From Slave To Pilot
During the war Feliks Chustecki was forced to work as a slave in a Russian
labour camp. When Hitler attacked Russia he became a pilot in the Free
Polish Air Force and arrived in Britain.
For many more stories of wartime suffering please visit
My name is Feliks Chustecki and in my life I have been the following:
Schoolboy. Slave labourer. Refugee. Cadet. Trainee Pilot. Teacher.
I was born in Poland but now I live in Coventry in England. I am on the
panel of Elders because at 14 I was sent with my family to a slave labour
camp in Russia.
In 1939 all the newspapers were full of the possibility of war. In Poland
there were manoevres of the Polish Army as early as May 1939. I can remember
watching a big parade of our Polish Cavalry. The sight of 300 horses made a
big impression on me.
My schooling was interrupted at 14 when the Russians invaded Eastern Poland
at the same time that the Germans invaded Western Poland.
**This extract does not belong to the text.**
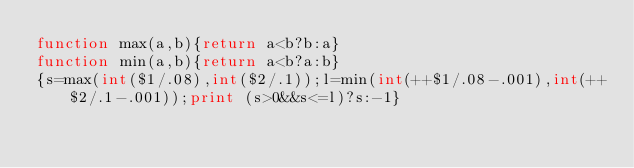<code> <loc_0><loc_0><loc_500><loc_500><_Awk_>function max(a,b){return a<b?b:a}
function min(a,b){return a<b?a:b}
{s=max(int($1/.08),int($2/.1));l=min(int(++$1/.08-.001),int(++$2/.1-.001));print (s>0&&s<=l)?s:-1}</code>

The Russian soldiers came on 10th February 1940. They woke us at 2 am and
told us we have one hour to get some things on the sledges and pull it to
the station. My father was guarded by a soldier while my Mother and I
collected what we could. We knew that we would all be shot if we tried to
run or resist.
Of course now children are supposed to be protected from everything, but at
that time we were just part of the game. There was no-one there to counsel
us. We were pushed into cattle trucks with many other families and then the
trucks were locked. There was no privacy, no food except the little bits we
had brought. We could not get out for anything at all even if people were
sick or died, and there were guards there to shoot us if we tried to escape.
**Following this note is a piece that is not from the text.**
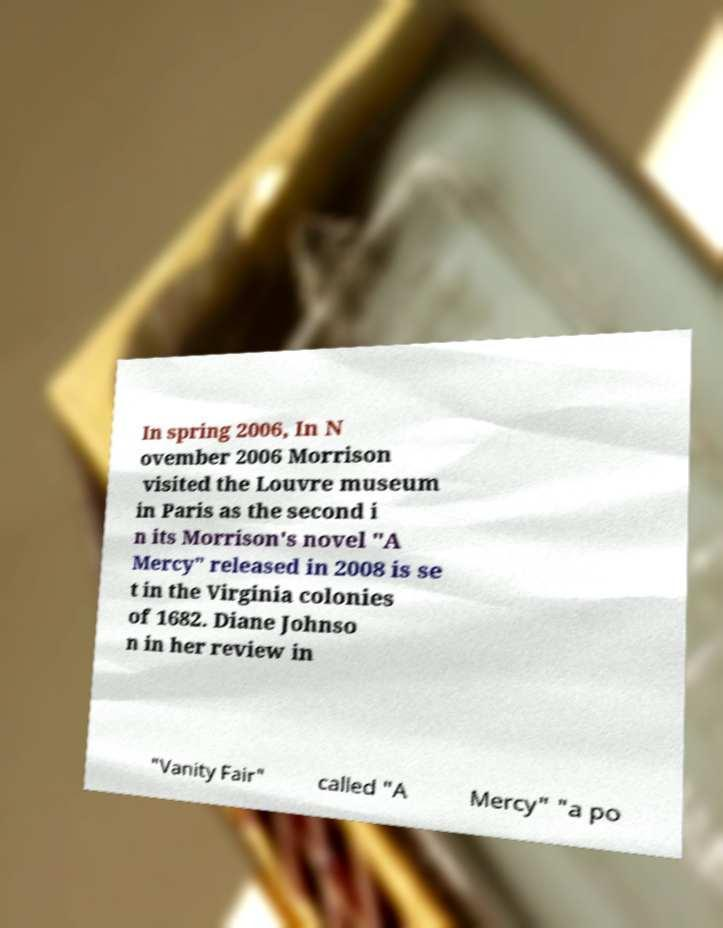Could you assist in decoding the text presented in this image and type it out clearly? In spring 2006, In N ovember 2006 Morrison visited the Louvre museum in Paris as the second i n its Morrison's novel "A Mercy" released in 2008 is se t in the Virginia colonies of 1682. Diane Johnso n in her review in "Vanity Fair" called "A Mercy" "a po

Our journey would last a whole month. Every few days we were given water and
for the first week we only got that, then after the second week we were
given salt fish soup and some bread.
In the labour camp we heard nothing of the outside world, only rumours
brought by strangers and of course they told us only that Poland was
destroyed. We were in that camp for two years.
When Hitler attacked Russia an amnesty was declared and we were allowed to
travel to southern Russia where a Polish army was forming. There were about
500 of us and first we travelled on barges drawn by tugs for hundreds of
miles, then train - we had 1,000 miles to travel. During the journey we had
little or no food - many died - until we arrived in Kazakhstan where Polish
forces were forming. Sick and starving though we were it was a joy to see
Polish soldiers and flags again.
I was to become a Cadet and have the honour of joining that army to fight to
re-create my lost country. Cadet School was based on Military Discipline. We
had visits from representatives of the Polish Air Force and the Army. This
was to recruit us to one or the other. We were all eager to get into action
after all the suffering we had been through and seen. We wanted to
contribute something to the effort. I was recruited to become a Pilot in the
Free Polish Air Force and so I came to Britain.